*MATERIAL PROVIDED:*
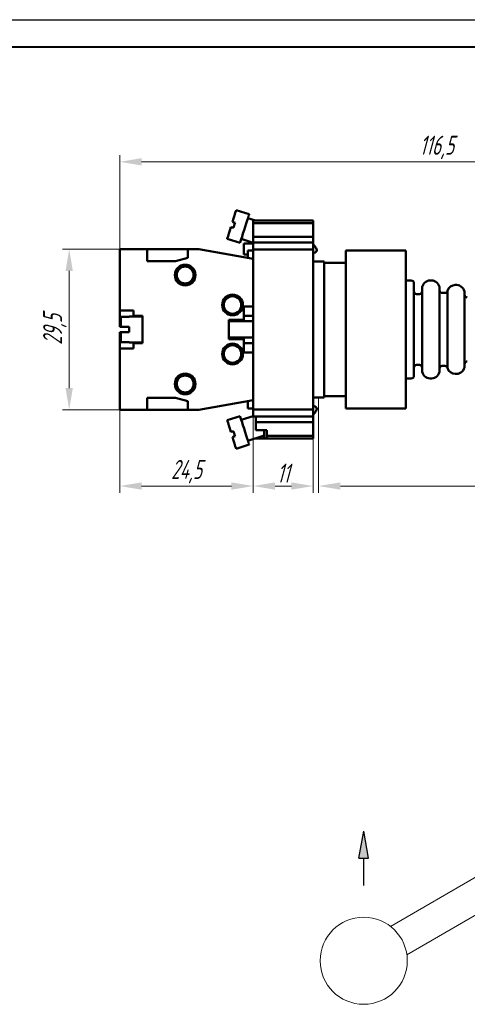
# Model space of a CAD drawing. Header units: millimetres. Extents: x 2171 to 2591, y 1134 to 1431.
# Tile 3 of 5: x 2369 to 2451, y 1250 to 1431. Entities that reach past the tile are written whole.
import ezdxf

# ---------------------------------------------------------------- set-up
doc = ezdxf.new("R2010")
doc.units = ezdxf.units.MM
doc.layers.add('main', color=5, linetype='Continuous', lineweight=50)
doc.layers.add('size', color=7, linetype='Continuous', lineweight=20)
doc.layers.add('ФОРМАТ', color=7, linetype='Continuous')
doc.styles.add('GOST', font='GOST.shx', dxfattribs={"width": 0.8, "oblique": 15})
doc.dimstyles.new('GOST', dxfattribs={"dimscale": 0, "dimtxt": 3.5, "dimasz": 4, "dimexe": 1.25, "dimexo": 0, "dimtad": 1, "dimdec": 1, "dimrnd": 0.5, "dimtxsty": 'GOST', "dimcen": 5, "dimclrd": 256, "dimclre": 256, "dimclrt": 256, "dimadec": 1, "dimazin": 2, "dimtfac": 1, "dimtdec": 4, "dimtmove": 0, "dimatfit": 3, "dimfxl": 1, "dimtolj": 1, "dimtzin": 0, "dimlwd": -1, "dimlwe": -1, "dimarcsym": 0})

# ---------------------------------------------------------------- blocks, each defined once
blk = doc.blocks.new('*D122')
at = {"layer": 'Defpoints', "color": 0}
for p in [(2503.47, 1404.63), (2387.07, 1388.59), (2503.47, 1373.84)]:
    blk.add_point(p, dxfattribs=at)
at = {"layer": 'size'}
for p, q in [((2387.07, 1388.59), (2387.07, 1405.88)), ((2503.47, 1373.84), (2503.47, 1405.88)), ((2391.07, 1404.63), (2499.47, 1404.63))]:
    blk.add_line(p, q, dxfattribs=at)
for points in [[(2391.07, 1405.3), (2391.07, 1403.97), (2387.07, 1404.63)], [(2499.47, 1403.97), (2499.47, 1405.3), (2503.47, 1404.63)]]:
    blk.add_solid(points, dxfattribs=at)
at = {"layer": 'size', "linetype": 'ByBlock', "insert": (2445.27, 1407.27), "char_height": 3.5, "attachment_point": 5, "style": 'GOST'}
blk.add_mtext('\\A1;116,5', dxfattribs=at)
blk = doc.blocks.new('*D128')
at = {"layer": 'Defpoints', "color": 0}
for p in [(2387.07, 1359.09), (2411.57, 1359.09), (2411.57, 1345.09)]:
    blk.add_point(p, dxfattribs=at)
at = {"layer": 'size'}
for p, q in [((2387.07, 1359.09), (2387.07, 1343.84)), ((2411.57, 1359.09), (2411.57, 1343.84)), ((2391.07, 1345.09), (2407.57, 1345.09))]:
    blk.add_line(p, q, dxfattribs=at)
for points in [[(2391.07, 1345.76), (2391.07, 1344.42), (2387.07, 1345.09)], [(2407.57, 1344.42), (2407.57, 1345.76), (2411.57, 1345.09)]]:
    blk.add_solid(points, dxfattribs=at)
at = {"layer": 'size', "linetype": 'ByBlock', "insert": (2399.32, 1347.73), "char_height": 3.5, "attachment_point": 5, "style": 'GOST'}
blk.add_mtext('\\A1;24,5', dxfattribs=at)
blk = doc.blocks.new('*D131')
at = {"layer": 'Defpoints', "color": 0}
for p in [(2411.57, 1359.14), (2422.57, 1353.84), (2422.57, 1345.09)]:
    blk.add_point(p, dxfattribs=at)
at = {"layer": 'size'}
for p, q in [((2411.57, 1359.14), (2411.57, 1343.84)), ((2422.57, 1353.84), (2422.57, 1343.84)), ((2415.57, 1345.09), (2418.57, 1345.09))]:
    blk.add_line(p, q, dxfattribs=at)
for points in [[(2415.57, 1345.76), (2415.57, 1344.42), (2411.57, 1345.09)], [(2418.57, 1344.42), (2418.57, 1345.76), (2422.57, 1345.09)]]:
    blk.add_solid(points, dxfattribs=at)
at = {"layer": 'size', "linetype": 'ByBlock', "insert": (2417.07, 1347.46), "char_height": 3.5, "attachment_point": 5, "style": 'GOST'}
blk.add_mtext('\\A1;11', dxfattribs=at)
blk = doc.blocks.new('*D134')
at = {"layer": 'Defpoints', "color": 0}
for p in [(2503.47, 1373.84), (2423.57, 1361.34), (2503.47, 1345.09)]:
    blk.add_point(p, dxfattribs=at)
at = {"layer": 'size'}
for p, q in [((2503.47, 1373.84), (2503.47, 1343.84)), ((2423.57, 1361.34), (2423.57, 1343.84)), ((2427.57, 1345.09), (2499.47, 1345.09))]:
    blk.add_line(p, q, dxfattribs=at)
for points in [[(2427.57, 1345.76), (2427.57, 1344.42), (2423.57, 1345.09)], [(2499.47, 1344.42), (2499.47, 1345.76), (2503.47, 1345.09)]]:
    blk.add_solid(points, dxfattribs=at)
at = {"layer": 'size', "linetype": 'ByBlock', "insert": (2463.52, 1347.46), "char_height": 3.5, "attachment_point": 5, "style": 'GOST'}
blk.add_mtext('\\A1;80', dxfattribs=at)
blk = doc.blocks.new('*D138')
at = {"layer": 'Defpoints', "color": 0}
for p in [(2387.07, 1388.59), (2377.78, 1359.09), (2387.07, 1359.09)]:
    blk.add_point(p, dxfattribs=at)
at = {"layer": 'size'}
for p, q in [((2387.07, 1388.59), (2376.53, 1388.59)), ((2377.78, 1384.59), (2377.78, 1363.09)), ((2387.07, 1359.09), (2376.53, 1359.09))]:
    blk.add_line(p, q, dxfattribs=at)
for points in [[(2378.45, 1384.59), (2377.12, 1384.59), (2377.78, 1388.59)], [(2377.12, 1363.09), (2378.45, 1363.09), (2377.78, 1359.09)]]:
    blk.add_solid(points, dxfattribs=at)
at = {"layer": 'size', "linetype": 'ByBlock', "insert": (2375.15, 1373.84), "char_height": 3.5, "attachment_point": 5, "rotation": 90, "style": 'GOST'}
blk.add_mtext('\\A1;29,5', dxfattribs=at)

msp = doc.modelspace()

# ---------------------------------------------------------------- hatches: boundary and pattern name
at = {"layer": 'size', "lineweight": 25, "ltscale": 5}
h = msp.add_hatch(color=256, dxfattribs=at)
h.dxf.hatch_style = 1
h.paths.add_polyline_path([(2430.97, 1276.74), (2431.85, 1281.74), (2432.73, 1276.74)])

# ---------------------------------------------------------------- linework, layer by layer
at = {"layer": 'main'}
for p, q in [((2410.82, 1394.99), (2408.44, 1395.74)), ((2411.96, 1393.84), (2410.59, 1394.27)), ((2407.93, 1392.49), (2407.46, 1392.64)), ((2407.46, 1392.64), (2407.96, 1392.58)), ((2407.76, 1393.6), (2408.23, 1393.45)), ((2408.21, 1393.36), (2407.76, 1393.6)), ((2411.57, 1393.84), (2422.57, 1393.84)), ((2411.57, 1393.34), (2411.57, 1393.84)), ((2422.57, 1393.34), (2411.57, 1393.34)), ((2411.57, 1393.34), (2411.57, 1390.84)), ((2422.57, 1393.84), (2422.57, 1393.34)), ((2422.57, 1393.34), (2422.57, 1390.84)), ((2406.77, 1390.5), (2409.16, 1389.74)), ((2409.38, 1390.46), (2411.57, 1389.77)), ((2411.57, 1390.84), (2422.57, 1390.84)), ((2411.57, 1389.84), (2411.57, 1390.84)), ((2422.57, 1390.84), (2422.57, 1389.84)), ((2411.57, 1389.64), (2409.87, 1389.64)), ((2409.87, 1387.64), (2409.87, 1389.64)), ((2411.57, 1388.54), (2411.57, 1389.84)), ((2411.57, 1389.84), (2422.57, 1389.84)), ((2422.57, 1389.84), (2422.57, 1388.54)), ((2392.07, 1388.59), (2387.07, 1388.59)), ((2387.07, 1388.59), (2387.07, 1377.34)), ((2387.07, 1378.09), (2387.07, 1386.84)), ((2392.07, 1388.59), (2392.07, 1386.39)), ((2399.57, 1388.59), (2392.07, 1388.59)), ((2397.27, 1386.39), (2399.57, 1386.99)), ((2399.57, 1386.99), (2399.57, 1388.59)), ((2401.57, 1388.59), (2399.57, 1388.59)), ((2401.57, 1388.59), (2411.57, 1386.84)), ((2409.87, 1387.64), (2410.57, 1387.64)), ((2410.57, 1388.34), (2410.57, 1387.01)), ((2410.57, 1388.34), (2411.57, 1388.34)), ((2422.57, 1388.54), (2411.57, 1388.54)), ((2411.57, 1359.14), (2411.57, 1388.54)), ((2411.57, 1378.09), (2411.57, 1386.84)), ((2422.57, 1359.14), (2422.57, 1388.54)), ((2439.57, 1388.34), (2428.57, 1388.34)), ((2428.57, 1388.34), (2428.57, 1359.34)), ((2439.57, 1388.34), (2439.57, 1359.34)), ((2392.07, 1386.39), (2397.27, 1386.39)), ((2424.57, 1386.34), (2422.57, 1386.34)), ((2424.57, 1386.34), (2424.57, 1361.34)), ((2428.57, 1386.09), (2424.57, 1386.09)), ((2440.57, 1382.84), (2439.57, 1382.84)), ((2441.07, 1382.34), (2441.07, 1366.18)), ((2444.27, 1382.84), (2444.07, 1382.84)), ((2448.87, 1382.01), (2448.67, 1382.01)), ((2407.35, 1380.09), (2407.03, 1380.09)), ((2408.51, 1380.09), (2408.19, 1380.09)), ((2442.07, 1380.34), (2441.57, 1380.34)), ((2442.57, 1366.34), (2442.57, 1381.34)), ((2445.77, 1381.34), (2445.77, 1367.08)), ((2446.74, 1380.54), (2446.27, 1380.54)), ((2447.22, 1380.91), (2447.22, 1367.47)), ((2450.37, 1380.51), (2450.37, 1367.83)), ((2409.87, 1378.09), (2411.57, 1378.09)), ((2409.87, 1378.09), (2409.87, 1375.59)), ((2387.07, 1376.34), (2387.07, 1377.34)), ((2389.57, 1377.34), (2387.07, 1377.34)), ((2387.07, 1376.34), (2387.07, 1376.02)), ((2387.27, 1376.19), (2387.27, 1374.34)), ((2388.77, 1376.19), (2387.27, 1376.19)), ((2391.27, 1376.24), (2388.77, 1376.24)), ((2388.77, 1376.19), (2388.77, 1376.24)), ((2389.57, 1376.34), (2389.57, 1377.34)), ((2391.27, 1376.34), (2389.57, 1376.34)), ((2389.57, 1376.24), (2389.57, 1376.34)), ((2391.27, 1374.52), (2391.27, 1376.34)), ((2409.87, 1376.34), (2411.57, 1376.34)), ((2387.07, 1374.34), (2387.07, 1375.98)), ((2387.27, 1374.34), (2388.77, 1374.34)), ((2388.77, 1373.34), (2388.77, 1374.34)), ((2391.27, 1373.15), (2391.27, 1374.52)), ((2407.07, 1375.59), (2409.87, 1375.59)), ((2407.07, 1375.59), (2407.07, 1372.09)), ((2411.57, 1375.34), (2407.07, 1375.34)), ((2409.87, 1375.59), (2409.87, 1375.34)), ((2387.07, 1371.7), (2387.07, 1373.34)), ((2387.27, 1373.34), (2387.27, 1371.49)), ((2388.77, 1373.34), (2387.27, 1373.34)), ((2391.27, 1371.34), (2391.27, 1373.15)), ((2387.07, 1371.66), (2387.07, 1371.34)), ((2387.07, 1370.34), (2387.07, 1371.34)), ((2387.27, 1371.49), (2388.77, 1371.49)), ((2388.77, 1371.44), (2388.77, 1371.49)), ((2388.77, 1371.44), (2391.27, 1371.44)), ((2389.57, 1371.34), (2389.57, 1371.44)), ((2389.57, 1370.34), (2389.57, 1371.34)), ((2391.27, 1371.34), (2389.57, 1371.34)), ((2407.07, 1372.34), (2411.57, 1372.34)), ((2407.07, 1372.09), (2409.87, 1372.09)), ((2409.87, 1372.34), (2409.87, 1372.09)), ((2409.87, 1372.09), (2409.87, 1369.59)), ((2409.87, 1371.34), (2411.57, 1371.34)), ((2389.57, 1370.34), (2387.07, 1370.34)), ((2387.07, 1370.34), (2387.07, 1359.09)), ((2387.07, 1360.84), (2387.07, 1369.59)), ((2409.87, 1369.59), (2411.57, 1369.59)), ((2411.57, 1360.84), (2411.57, 1369.59)), ((2407.35, 1367.59), (2407.03, 1367.59)), ((2408.51, 1367.59), (2408.19, 1367.59)), ((2441.57, 1367.34), (2442.07, 1367.34)), ((2445.77, 1367.08), (2445.77, 1366.34)), ((2446.27, 1367.14), (2446.74, 1367.14)), ((2447.22, 1367.47), (2447.22, 1366.77)), ((2450.37, 1367.83), (2450.37, 1367.17)), ((2441.07, 1366.18), (2441.07, 1365.34)), ((2448.67, 1365.67), (2448.87, 1365.67)), ((2439.57, 1364.84), (2440.57, 1364.84)), ((2444.07, 1364.84), (2444.27, 1364.84)), ((2424.57, 1361.59), (2428.57, 1361.59)), ((2392.07, 1361.29), (2397.27, 1361.29)), ((2392.07, 1359.09), (2392.07, 1361.29)), ((2397.27, 1361.29), (2399.57, 1360.69)), ((2399.57, 1360.69), (2399.57, 1359.09)), ((2401.57, 1359.09), (2411.57, 1360.84)), ((2410.57, 1359.34), (2410.57, 1360.66)), ((2422.57, 1361.34), (2424.57, 1361.34)), ((2387.07, 1359.09), (2392.07, 1359.09)), ((2399.57, 1359.09), (2392.07, 1359.09)), ((2399.57, 1359.09), (2401.57, 1359.09)), ((2409.16, 1357.93), (2406.77, 1357.18)), ((2411.57, 1357.91), (2409.38, 1357.22)), ((2410.57, 1359.34), (2411.57, 1359.34)), ((2411.57, 1359.14), (2422.57, 1359.14)), ((2411.57, 1357.84), (2411.57, 1359.14)), ((2422.57, 1359.14), (2422.57, 1357.84)), ((2428.57, 1359.34), (2439.57, 1359.34)), ((2422.57, 1357.84), (2411.57, 1357.84)), ((2412.07, 1356.84), (2412.07, 1357.84)), ((2422.57, 1356.84), (2412.07, 1356.84)), ((2412.07, 1355.34), (2412.07, 1356.84)), ((2422.57, 1357.84), (2422.57, 1356.84)), ((2422.57, 1356.84), (2422.57, 1354.34)), ((2407.46, 1355.03), (2407.93, 1355.18)), ((2407.96, 1355.1), (2407.46, 1355.03)), ((2407.76, 1354.08), (2408.21, 1354.32)), ((2410.59, 1353.41), (2413.57, 1354.35)), ((2412.07, 1355.34), (2414.07, 1355.34)), ((2413.53, 1354.34), (2413.57, 1354.34)), ((2413.57, 1355.34), (2413.57, 1353.84)), ((2414.07, 1354.34), (2414.07, 1355.34)), ((2414.07, 1354.34), (2422.57, 1354.34)), ((2414.07, 1353.84), (2414.07, 1354.34)), ((2422.57, 1354.34), (2422.57, 1353.84)), ((2408.23, 1354.23), (2407.76, 1354.08)), ((2408.44, 1351.94), (2410.82, 1352.69)), ((2413.57, 1353.84), (2411.96, 1353.84)), ((2414.07, 1353.84), (2413.57, 1353.84)), ((2422.57, 1353.84), (2414.07, 1353.84))]:
    msp.add_line(p, q, dxfattribs=at)
at = {"layer": 'main', "lineweight": 20}
for p, q in [((2453.26, 1273.74), (2436.78, 1264.22)), ((2439.78, 1259.03), (2456.26, 1268.54))]:
    msp.add_line(p, q, dxfattribs=at)
at = {"layer": 'main', "flags": 128}
for points in [[(2407.76, 1393.6), (2407.96, 1394.23), (2408.14, 1394.78), (2408.28, 1395.24), (2408.38, 1395.56), (2408.43, 1395.72), (2408.44, 1395.74)], [(2409.16, 1389.74), (2409.18, 1389.82), (2409.25, 1390.04), (2409.37, 1390.4), (2409.52, 1390.88), (2409.69, 1391.44), (2409.89, 1392.05), (2410.09, 1392.68), (2410.28, 1393.29), (2410.46, 1393.85), (2410.61, 1394.33), (2410.73, 1394.69), (2410.8, 1394.91), (2410.82, 1394.99)], [(2406.77, 1390.5), (2406.78, 1390.52), (2406.83, 1390.69), (2406.94, 1391), (2407.08, 1391.46), (2407.26, 1392.02), (2407.46, 1392.64)], [(2407.93, 1392.49), (2407.97, 1392.61), (2408.01, 1392.73), (2408.05, 1392.85), (2408.08, 1392.97), (2408.12, 1393.09), (2408.16, 1393.21), (2408.2, 1393.33), (2408.23, 1393.45)], [(2410.82, 1352.69), (2410.8, 1352.77), (2410.73, 1352.99), (2410.61, 1353.35), (2410.46, 1353.82), (2410.28, 1354.38), (2410.09, 1355), (2409.89, 1355.63), (2409.69, 1356.24), (2409.52, 1356.8), (2409.37, 1357.27), (2409.25, 1357.63), (2409.18, 1357.86), (2409.16, 1357.93)], [(2407.46, 1355.03), (2407.26, 1355.66), (2407.08, 1356.22), (2406.94, 1356.67), (2406.83, 1356.99), (2406.78, 1357.16), (2406.77, 1357.18)], [(2407.93, 1355.18), (2407.97, 1355.07), (2408.01, 1354.95), (2408.05, 1354.83), (2408.08, 1354.71), (2408.12, 1354.59), (2408.16, 1354.47), (2408.2, 1354.35), (2408.23, 1354.23)], [(2408.44, 1351.94), (2408.43, 1351.96), (2408.38, 1352.12), (2408.28, 1352.44), (2408.14, 1352.89), (2407.96, 1353.45), (2407.76, 1354.08)]]:
    msp.add_lwpolyline(points, dxfattribs=at)
at = {"layer": 'main'}
for centre, radius in [((2399.07, 1383.84), 1.9), ((2399.07, 1383.84), 1.75), ((2399.07, 1383.84), 1.55), ((2407.77, 1378.34), 1.9), ((2407.77, 1378.34), 1.8), ((2407.77, 1378.34), 1.6), ((2407.77, 1369.34), 1.9), ((2407.77, 1369.34), 1.8), ((2407.77, 1369.34), 1.6), ((2399.07, 1363.84), 1.9), ((2399.07, 1363.84), 1.75), ((2399.07, 1363.84), 1.55)]:
    msp.add_circle(centre, radius, dxfattribs=at)
at = {"layer": 'main', "lineweight": 20}
msp.add_circle((2431.85, 1257.92), 8, dxfattribs=at)
at = {"layer": 'main'}
for centre, radius, start, end in [((2440.57, 1382.34), 0.5, 0, 90), ((2444.07, 1381.34), 1.5, 90, 180), ((2444.27, 1381.34), 1.5, 0, 90), ((2448.67, 1380.51), 1.5, 90, 164.534), ((2448.87, 1380.51), 1.5, 0, 90), ((2441.57, 1380.84), 0.5, 180, 270), ((2442.07, 1380.84), 0.5, 270, 0), ((2446.27, 1381.04), 0.5, 180, 270), ((2446.74, 1381.04), 0.5, 270, 344.534), ((2450.87, 1380.21), 0.5, 180, 270), ((2441.57, 1366.84), 0.5, 90, 180), ((2442.07, 1366.84), 0.5, 0, 90), ((2446.27, 1366.64), 0.5, 90, 180), ((2446.74, 1366.64), 0.5, 15.466, 90), ((2448.87, 1367.17), 1.5, 270, 0), ((2450.87, 1367.47), 0.5, 90, 180), ((2440.57, 1365.34), 0.5, 270, 0), ((2444.07, 1366.34), 1.5, 180, 270), ((2444.27, 1366.34), 1.5, 270, 0), ((2448.67, 1367.17), 1.5, 195.466, 270)]:
    msp.add_arc(centre, radius, start, end, dxfattribs=at)
for points, knots in [([(2422.57, 1387.82), (2422.82, 1387.92), (2423.59, 1388.24), (2422.98, 1388.99), (2422.57, 1389.49)], [0, 0, 0, 0, 0.3287, 1, 1, 1, 1]), ([(2387.07, 1375.98), (2387.07, 1376), (2387.08, 1376.05), (2387.11, 1376.11), (2387.16, 1376.16), (2387.22, 1376.18), (2387.26, 1376.19), (2387.27, 1376.19)], [0, 0, 0, 0, 0.22157, 0.443248, 0.661764, 0.875151, 1, 1, 1, 1]), ([(2387.27, 1374.34), (2387.25, 1374.34), (2387.2, 1374.34), (2387.14, 1374.34), (2387.1, 1374.34), (2387.07, 1374.34), (2387.07, 1374.34), (2387.07, 1374.34)], [0, 0, 0, 0, 0.208491, 0.416918, 0.627267, 0.84205, 1, 1, 1, 1]), ([(2387.07, 1373.34), (2387.07, 1373.34), (2387.08, 1373.34), (2387.11, 1373.34), (2387.16, 1373.34), (2387.22, 1373.34), (2387.26, 1373.34), (2387.27, 1373.34)], [0, 0, 0, 0, 0.2215686, 0.4432479, 0.6617644, 0.875151, 1, 1, 1, 1]), ([(2387.27, 1371.49), (2387.25, 1371.49), (2387.2, 1371.5), (2387.14, 1371.53), (2387.1, 1371.58), (2387.07, 1371.64), (2387.07, 1371.68), (2387.07, 1371.7)], [0, 0, 0, 0, 0.208491, 0.416916, 0.627267, 0.842046, 1, 1, 1, 1]), ([(2422.57, 1358.19), (2422.98, 1358.69), (2423.59, 1359.44), (2422.82, 1359.75), (2422.57, 1359.86)], [0, 0, 0, 0, 0.671301, 1, 1, 1, 1])]:
    msp.add_open_spline(points, degree=3, knots=knots, dxfattribs=at)
at = {"layer": 'size', "lineweight": 25, "ltscale": 5}
for p, q in [((2430.97, 1276.74), (2431.85, 1281.74)), ((2432.73, 1276.74), (2431.85, 1281.74)), ((2430.97, 1276.74), (2432.73, 1276.74)), ((2431.85, 1271.74), (2431.85, 1276.74)), ((2431.85, 1276.74), (2431.85, 1276.74))]:
    msp.add_line(p, q, dxfattribs=at)
at = {"layer": 'ФОРМАТ', "linetype": 'ByBlock', "ltscale": 5}
msp.add_line((2170.81, 1430.73), (2590.81, 1430.73), dxfattribs=at)
at = {"layer": 'ФОРМАТ', "linetype": 'ByBlock', "lineweight": 40, "ltscale": 5}
msp.add_line((2178.81, 1425.73), (2585.81, 1425.73), dxfattribs=at)

# ---------------------------------------------------------------- dimensions: what is measured, and where the dimension line sits
at = {"layer": 'size'}
for base, p1, p2, picture, middle in [((2503.47, 1404.63), (2387.07, 1388.59), (2503.47, 1373.84), '*D122', (2445.27, 1407.27)), ((2503.47, 1345.09), (2423.57, 1361.34), (2503.47, 1373.84), '*D134', (2463.52, 1347.46)), ((2411.57, 1345.09), (2387.07, 1359.09), (2411.57, 1359.09), '*D128', (2399.32, 1347.73)), ((2422.57, 1345.09), (2411.57, 1359.14), (2422.57, 1353.84), '*D131', (2417.07, 1347.46))]:
    dim = msp.add_linear_dim(base=base, p1=p1, p2=p2, dimstyle='GOST', override={"dimscale": 1, "dimlfac": 1, "dimtxsty": 'GOST', "dimsah": 1, "dimtolj": 1}, dxfattribs=at)
    dim.commit()
    dim.dimension.update_dxf_attribs({"geometry": picture, "text_midpoint": middle})
dim = msp.add_linear_dim(base=(2377.78, 1359.09), p1=(2387.07, 1388.59), p2=(2387.07, 1359.09), angle=90, dimstyle='GOST', override={"dimscale": 1, "dimlfac": 1, "dimtxsty": 'GOST', "dimsah": 1, "dimtolj": 1}, dxfattribs=at)
dim.commit()
dim.dimension.update_dxf_attribs({"geometry": '*D138', "text_midpoint": (2375.15, 1373.84)})

doc.saveas('drawing.dxf')

*WORK REQUEST:*
Each line of the listing above that includes the word "units" should be copied.

*WRITTEN SOLUTION:*
# Model space of a CAD drawing. Header units: millimetres. Extents: x 2171 to 2591, y 1134 to 1431.
doc.units = ezdxf.units.MM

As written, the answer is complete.